The findings underscore the need for vigilance about mental health issues for epilepsy right at the time of diagnosis, the research team said. Patients with epilepsy have a risk of death by suicide that is 10 times higher than the general population, and mood and anxiety disorders have been linked with suicidal thoughts and behavior.
“In neurology, we are now starting to appreciate the importance of recognizing psychiatric comorbidities," said the presenting author Andres M. Kanner, MD, FAAN, director of the International Comprehensive Epilepsy Center at the University of Miami Miller School of Medicine. “For a long time, these were something that nobody paid attention to."
Researchers pulled data for 366 people newly diagnosed with non-lesional focal epilepsy—those who had been treated with antiepileptic medications for less than four months—from the Human Epilepsy Project, a group of more than 300 doctors, researchers, health care workers, and patients working internationally to study biomarkers in new-onset epilepsy. They identified mood and anxiety disorders using the MINI International Neuropsychiatric Interview. Also, they assessed current and lifetime active suicidal ideation and suicide attempts using the Columbia Suicide Severity Rating Scale.
They found 162 of the subjects—or 44.3 percent—met the criteria for a mood, anxiety disorder, suicidality, or any combination of these; 143 subjects had a mood or anxiety disorder, or both —and 14 percent did have both.
They observed major depressive disorder in 9.5 percent of the patients, and bipolar disorder in 8.5 percent. The most common anxiety disorder was generalized anxiety (14.5 percent), followed by panic disorder (12 percent). Ten percent of patients had more than one type of anxiety disorder.
Eighty-two patients (22.4 percent) met the criteria for active and/or passive suicidal ideation or they had made a suicide attempt. Fourteen percent had experienced suicidal ideation at some point in their lifetime, and 5 percent of patients had active suicidal ideation within the previous six months. Seventeen patients, or 4.6 percent, had made a suicide attempt at some point in their lives.
Bipolar disorder was most closely associated with lifetime suicide attempts, with an odds ratio of 22.4 compared to those without bipolar disorder (p=0.0001), followed by major depression with an OR of 17.3 (p=0.0001). Panic disorder was the strongest predictor of current suicidal ideation (OR = 12.9; p=0.0001). Lifetime suicidal ideation was also predicted most strongly by panic disorder (OR = 14.6; p=0.0001).

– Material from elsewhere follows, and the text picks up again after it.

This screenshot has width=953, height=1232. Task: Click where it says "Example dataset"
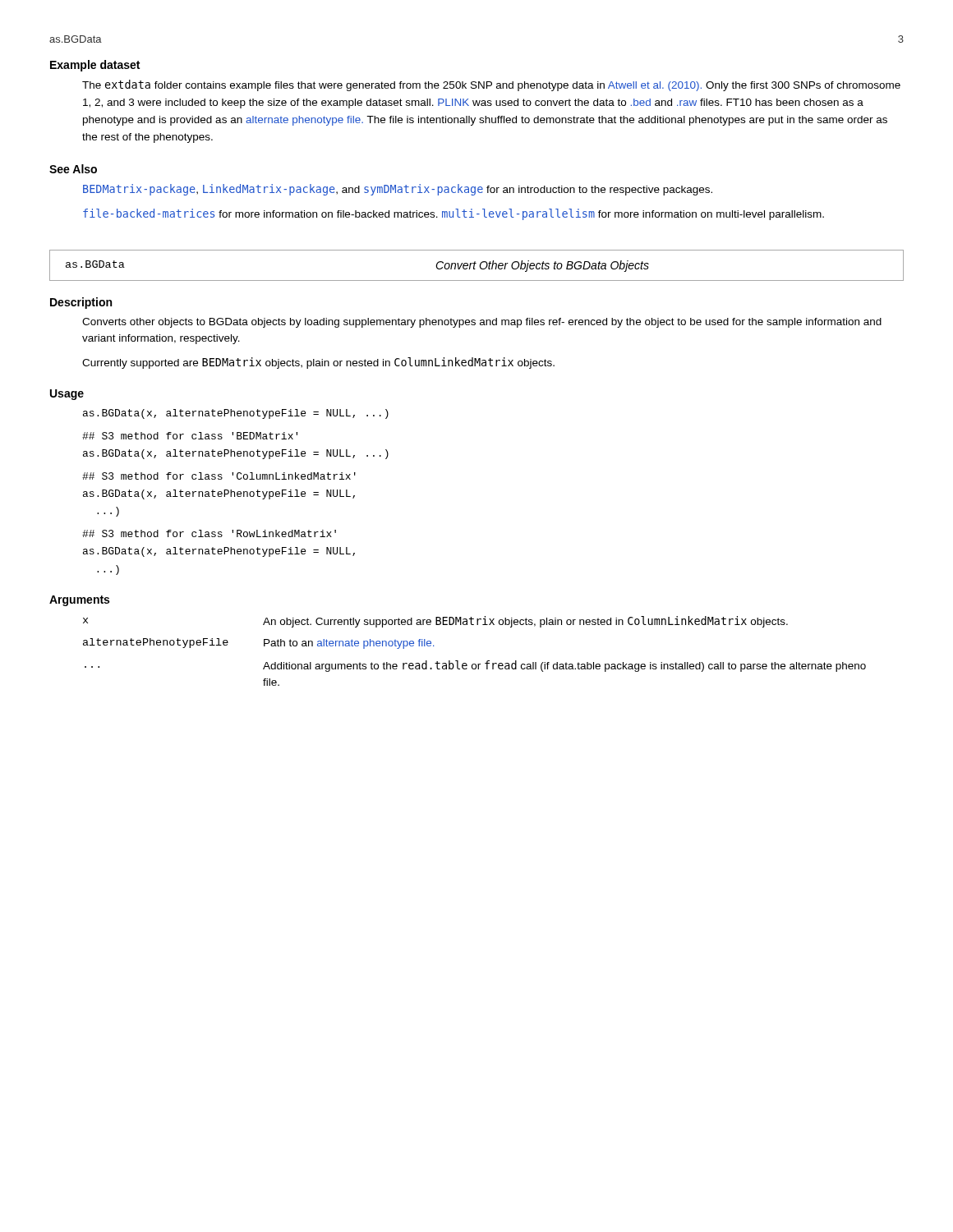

“Very often, people think of these comorbid conditions as a consequence of chronic epilepsy, and our data show a significant number of people, by the time they are diagnosed with epilepsy, may have already been suffering from these conditions," Dr. Kanner said. “And you have to identify them on the first visit when you're evaluating these patients for epilepsy."
When these disorders are found, he said, that can have important implications for treatment.
“You need to factor in these psychiatric disorders into the selection of your antiepileptic medication," Dr. Kanner said. Someone with a history of depression shouldn't be prescribed a medication with negative psychotropic properties, he added.
Dr. Kanner noted the data also show the relatively high frequency with which these patients ponder or attempt suicide.
“Twenty-five percent of patients already have experienced suicidal ideation by the time the epilepsy is diagnosed," he said. “It's something you have to recognize."
Gregory L. Krauss, MD, professor of neurology at Johns Hopkins, said the findings are cause for exploring these connections more deeply.
“The study shows a strong relationship between mood and anxiety disorders and having suicidality symptoms in patients with newly diagnosed focal epilepsy," he said. “The high proportion with suicidality (22 percent) and suicidal attempts (4.6 percent) in this group is striking and should be explored further, including biological effects of focal epilepsy on mood and anxiety."
Dr. Kanner has no relevant disclosures. Dr. Krauss has received fees for consulting for Arvelle Labs and SK LifeScience.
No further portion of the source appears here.